Below is one example of a paper abstract from one of my own published articles taken from the dataset:

Low redshift measurements of Baryon Acoustic Oscillations (BAO) test the late

time evolution of the Universe and are a vital probe of Dark Energy. Over the

past decade both the 6-degree Field Galaxy Survey (6dFGS) and Sloan Digital Sky

Survey (SDSS) have provided important distance constraints at $z < 0.3$. In

this paper we re-evaluate the cosmological information from the BAO detection

in 6dFGS making use of HOD populated COLA mocks for a robust covariance matrix

and taking advantage of the now commonly implemented technique of density field

reconstruction.

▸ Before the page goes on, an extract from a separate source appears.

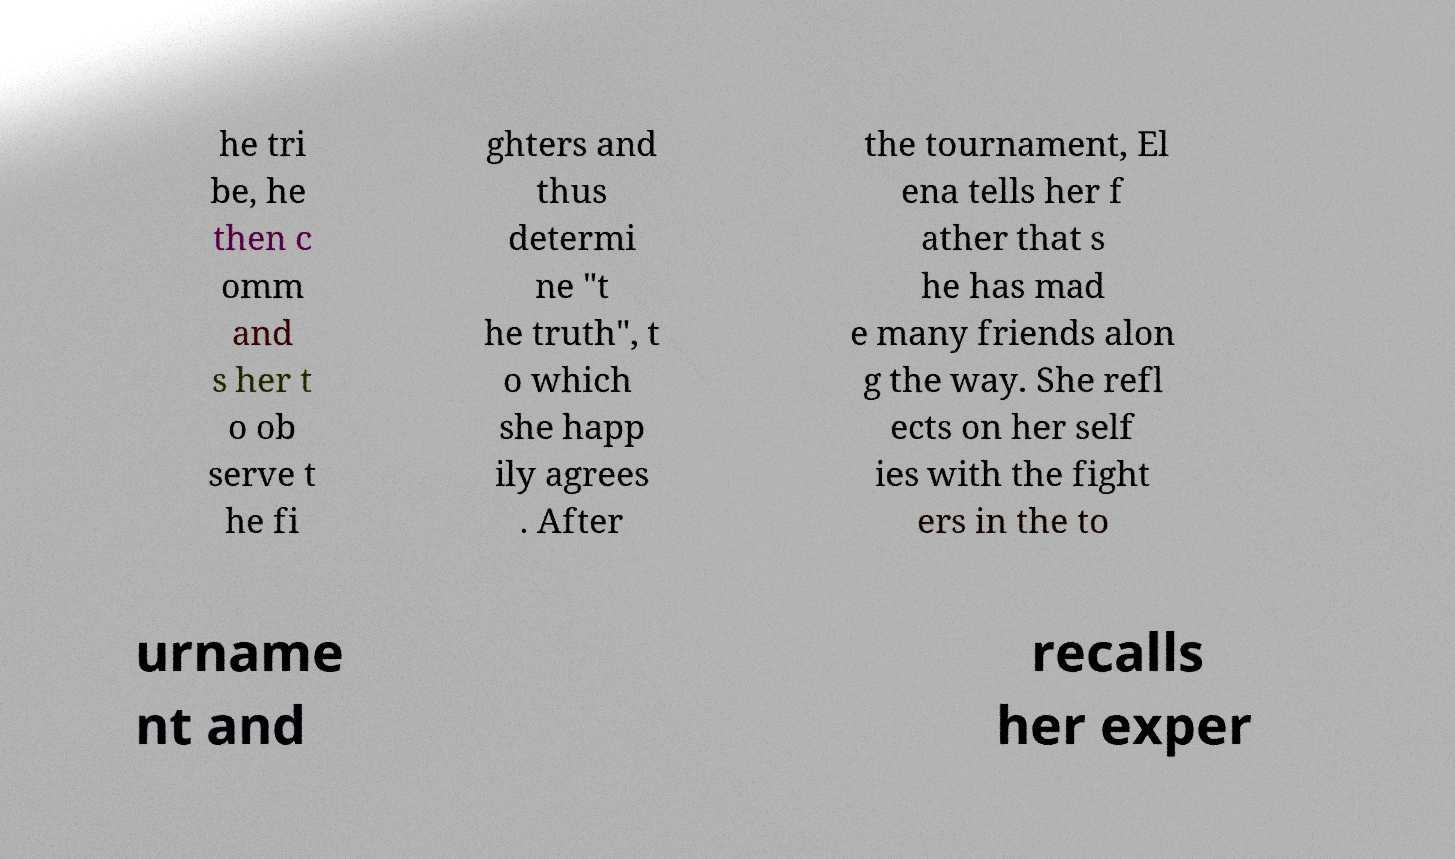Please identify and transcribe the text found in this image. he tri be, he then c omm and s her t o ob serve t he fi ghters and thus determi ne "t he truth", t o which she happ ily agrees . After the tournament, El ena tells her f ather that s he has mad e many friends alon g the way. She refl ects on her self ies with the fight ers in the to urname nt and recalls her exper

For the 6dFGS data, we find consistency with the previous

analysis, and obtain an isotropic volume averaged distance measurement of

$D_{V}(z_{\\mathrm{eff}}=0.097) =

372\\pm17(r_{s}/r_{s}^{\\mathrm{fid}})\\,\\mathrm{Mpc}$, which has a non-Gaussian

likelihood outside the $1\\sigma$ region. We combine our measurement from both

the post-reconstruction clustering of 6dFGS and SDSS MGS offering the most

robust constraint to date in this redshift regime,

$D_{V}(z_{\\mathrm{eff}}=0.122)=539\\pm17(r_{s}/r^{\\mathrm{fid}}_{s})\\,\\mathrm{Mpc}$.

These measurements are consistent with standard $\\Lambda\\mathrm{CDM}$ and after

fixing the standard ruler using a Planck prior on $\\Omega_{m}h^{2}$, the joint

analysis gives $H_{0}=64.0\\pm3.5\\,\\mathrm{kms}^{-1}\\mathrm{Mpc}^{-1}$. In the

near future both the Taipan Galaxy Survey and the Dark Energy Spectroscopic

Instrument (DESI) will improve this measurement to $1\\%$ at low redshift.

Recurrent Neural Networks (RNNs)

Before diving into the implementation of this method onto scientific paper abstracts I will explain a bit more about RNNs and in particular two types known as Long Short-Term Memory (LSTM) and Gated Recurrent Units (GRU). An RNN is a class of feedforward neural networks which performs the same function for every input of data whilst the output of the current input depends on the past ones computation. This allows this form of neural network to build up internal state or memory when processing a sequence of inputs. In general because of this RNNs are a good choice for when dealing with sequence prediction and interpreting dependence between subsequent inputs.

Looking into the procedure of RNNs a bit further we can write out the steps repeated in each sequential transformation:

h_t = ActivationFunction(x_t*w_x + w_h*h_{t-1})
y_t = CostFunction(w_y*h_t)
This method then repeats

The activation function used are commonly chosen from Sigmoid, Tanh or ReLU and the cost function will depend on the application required.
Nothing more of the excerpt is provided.